(Record set begins)
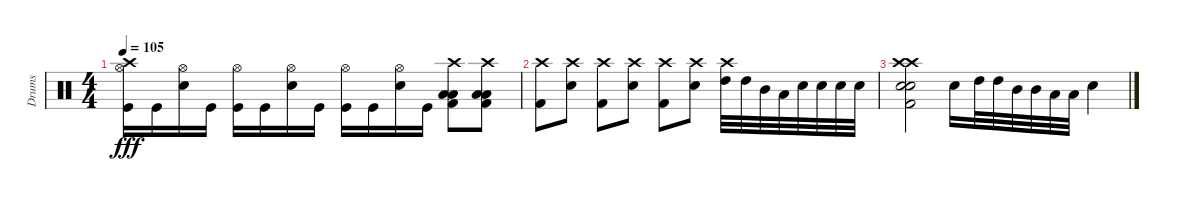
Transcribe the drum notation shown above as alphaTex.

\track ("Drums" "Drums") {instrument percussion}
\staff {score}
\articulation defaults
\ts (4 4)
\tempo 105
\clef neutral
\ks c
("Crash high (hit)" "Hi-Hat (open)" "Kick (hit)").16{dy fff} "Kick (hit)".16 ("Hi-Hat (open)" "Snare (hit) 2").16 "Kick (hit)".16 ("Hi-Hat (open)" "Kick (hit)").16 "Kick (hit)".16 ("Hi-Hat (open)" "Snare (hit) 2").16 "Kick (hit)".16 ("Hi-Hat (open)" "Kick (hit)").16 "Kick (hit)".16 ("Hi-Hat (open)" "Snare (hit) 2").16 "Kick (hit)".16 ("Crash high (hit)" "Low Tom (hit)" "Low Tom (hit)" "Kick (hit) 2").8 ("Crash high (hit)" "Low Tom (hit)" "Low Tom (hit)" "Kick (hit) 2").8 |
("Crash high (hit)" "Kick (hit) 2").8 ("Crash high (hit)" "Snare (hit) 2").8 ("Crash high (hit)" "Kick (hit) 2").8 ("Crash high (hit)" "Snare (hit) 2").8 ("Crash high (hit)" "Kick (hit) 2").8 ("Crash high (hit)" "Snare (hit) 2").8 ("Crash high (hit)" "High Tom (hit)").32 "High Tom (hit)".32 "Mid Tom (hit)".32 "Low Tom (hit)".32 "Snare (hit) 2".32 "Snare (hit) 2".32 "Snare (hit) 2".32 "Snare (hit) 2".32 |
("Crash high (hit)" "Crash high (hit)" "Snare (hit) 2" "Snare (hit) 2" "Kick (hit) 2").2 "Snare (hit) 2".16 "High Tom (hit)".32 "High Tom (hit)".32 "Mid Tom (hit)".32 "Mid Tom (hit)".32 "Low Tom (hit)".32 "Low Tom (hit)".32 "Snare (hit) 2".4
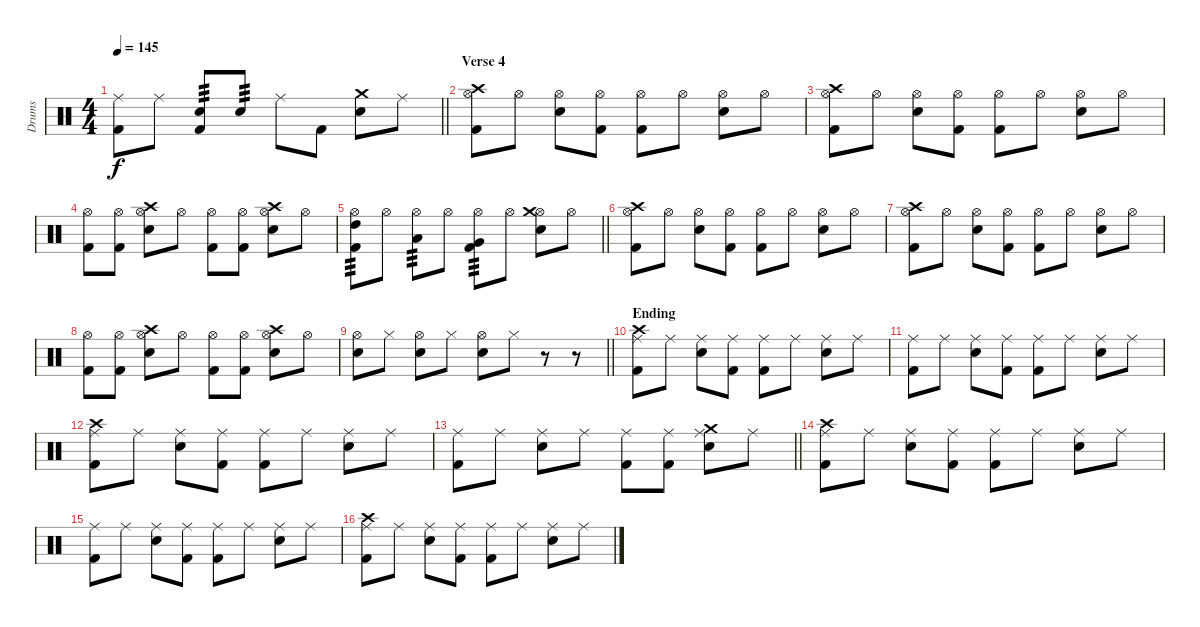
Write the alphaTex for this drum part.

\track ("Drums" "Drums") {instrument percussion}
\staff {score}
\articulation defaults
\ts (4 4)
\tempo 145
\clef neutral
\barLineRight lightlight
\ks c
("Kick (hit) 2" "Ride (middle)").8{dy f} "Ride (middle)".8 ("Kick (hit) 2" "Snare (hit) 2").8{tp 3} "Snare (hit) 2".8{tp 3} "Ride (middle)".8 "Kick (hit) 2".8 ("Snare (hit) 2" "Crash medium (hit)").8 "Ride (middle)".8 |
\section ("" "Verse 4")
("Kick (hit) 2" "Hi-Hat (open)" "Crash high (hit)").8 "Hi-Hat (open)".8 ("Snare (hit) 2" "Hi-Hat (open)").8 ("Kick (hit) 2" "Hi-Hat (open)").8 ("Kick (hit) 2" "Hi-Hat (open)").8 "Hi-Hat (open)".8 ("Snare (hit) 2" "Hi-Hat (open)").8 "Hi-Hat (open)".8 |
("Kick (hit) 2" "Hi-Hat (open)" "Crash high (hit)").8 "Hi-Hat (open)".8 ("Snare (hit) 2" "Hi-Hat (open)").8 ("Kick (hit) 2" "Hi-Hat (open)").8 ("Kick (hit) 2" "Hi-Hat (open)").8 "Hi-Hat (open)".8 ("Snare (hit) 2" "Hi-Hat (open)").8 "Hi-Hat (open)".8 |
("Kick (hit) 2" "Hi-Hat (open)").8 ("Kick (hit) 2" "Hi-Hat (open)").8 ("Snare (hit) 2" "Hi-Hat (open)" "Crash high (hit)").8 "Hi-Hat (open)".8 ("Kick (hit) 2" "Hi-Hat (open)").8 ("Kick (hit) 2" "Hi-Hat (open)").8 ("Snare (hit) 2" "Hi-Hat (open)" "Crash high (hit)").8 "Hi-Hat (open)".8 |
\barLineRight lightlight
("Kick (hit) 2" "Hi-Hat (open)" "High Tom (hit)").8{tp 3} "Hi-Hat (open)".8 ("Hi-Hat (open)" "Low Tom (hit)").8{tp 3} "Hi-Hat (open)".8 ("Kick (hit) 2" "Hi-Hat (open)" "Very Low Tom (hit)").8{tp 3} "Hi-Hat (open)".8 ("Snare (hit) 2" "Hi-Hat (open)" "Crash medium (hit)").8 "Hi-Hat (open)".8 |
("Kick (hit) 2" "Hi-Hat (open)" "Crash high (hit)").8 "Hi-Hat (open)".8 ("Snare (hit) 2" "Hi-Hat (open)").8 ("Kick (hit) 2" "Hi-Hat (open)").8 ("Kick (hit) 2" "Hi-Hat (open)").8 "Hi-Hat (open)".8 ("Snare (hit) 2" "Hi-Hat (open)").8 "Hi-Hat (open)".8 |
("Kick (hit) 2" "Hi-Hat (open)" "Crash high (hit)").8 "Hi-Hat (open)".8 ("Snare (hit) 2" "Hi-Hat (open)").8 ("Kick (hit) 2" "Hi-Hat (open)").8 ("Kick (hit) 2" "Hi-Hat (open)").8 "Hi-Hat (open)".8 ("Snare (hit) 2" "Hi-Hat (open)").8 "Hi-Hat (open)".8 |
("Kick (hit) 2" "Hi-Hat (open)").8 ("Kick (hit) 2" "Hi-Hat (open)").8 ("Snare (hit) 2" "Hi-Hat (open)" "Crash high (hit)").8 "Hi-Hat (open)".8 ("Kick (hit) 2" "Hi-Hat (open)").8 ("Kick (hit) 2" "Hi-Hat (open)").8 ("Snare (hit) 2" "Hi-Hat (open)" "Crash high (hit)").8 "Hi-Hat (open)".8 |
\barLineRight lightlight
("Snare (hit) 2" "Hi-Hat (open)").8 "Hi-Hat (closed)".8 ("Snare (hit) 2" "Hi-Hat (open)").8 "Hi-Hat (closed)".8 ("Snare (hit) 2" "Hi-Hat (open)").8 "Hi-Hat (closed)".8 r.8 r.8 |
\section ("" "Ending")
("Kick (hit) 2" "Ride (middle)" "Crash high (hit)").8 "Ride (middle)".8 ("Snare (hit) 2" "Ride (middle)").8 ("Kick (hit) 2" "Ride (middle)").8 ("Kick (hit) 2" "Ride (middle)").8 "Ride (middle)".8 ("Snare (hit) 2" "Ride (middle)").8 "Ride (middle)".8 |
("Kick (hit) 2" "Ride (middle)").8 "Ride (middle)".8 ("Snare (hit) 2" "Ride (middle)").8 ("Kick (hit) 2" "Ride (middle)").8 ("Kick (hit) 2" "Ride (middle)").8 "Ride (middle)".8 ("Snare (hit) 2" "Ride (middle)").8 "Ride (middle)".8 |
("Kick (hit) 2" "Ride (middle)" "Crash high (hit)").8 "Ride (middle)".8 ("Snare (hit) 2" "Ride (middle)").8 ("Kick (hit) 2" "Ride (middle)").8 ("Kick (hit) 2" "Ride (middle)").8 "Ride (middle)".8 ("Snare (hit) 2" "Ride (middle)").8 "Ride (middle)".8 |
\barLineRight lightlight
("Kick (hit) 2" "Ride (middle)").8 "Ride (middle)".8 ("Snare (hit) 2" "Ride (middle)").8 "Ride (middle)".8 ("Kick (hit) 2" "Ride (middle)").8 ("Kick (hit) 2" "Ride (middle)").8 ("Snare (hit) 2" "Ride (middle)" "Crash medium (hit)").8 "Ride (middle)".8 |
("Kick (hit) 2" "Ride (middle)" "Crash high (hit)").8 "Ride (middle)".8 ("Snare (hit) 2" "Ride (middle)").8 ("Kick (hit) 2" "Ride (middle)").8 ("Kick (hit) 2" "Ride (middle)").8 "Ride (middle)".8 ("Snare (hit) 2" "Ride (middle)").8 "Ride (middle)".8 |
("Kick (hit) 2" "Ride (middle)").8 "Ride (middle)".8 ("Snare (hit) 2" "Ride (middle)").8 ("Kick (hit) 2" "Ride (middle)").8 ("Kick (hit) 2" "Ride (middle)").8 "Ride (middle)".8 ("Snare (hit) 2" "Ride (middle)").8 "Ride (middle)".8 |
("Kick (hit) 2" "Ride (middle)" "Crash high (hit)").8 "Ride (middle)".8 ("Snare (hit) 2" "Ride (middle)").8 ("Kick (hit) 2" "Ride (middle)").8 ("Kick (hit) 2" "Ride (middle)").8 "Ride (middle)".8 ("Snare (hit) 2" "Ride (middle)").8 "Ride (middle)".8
(Record set ends)
■ **Your task**:
Your answer should consist of copies of the lines above that include the string "alphaTex".

■ **Solution**:
Transcribe the drum notation shown above as alphaTex.
Write the alphaTex for this drum part.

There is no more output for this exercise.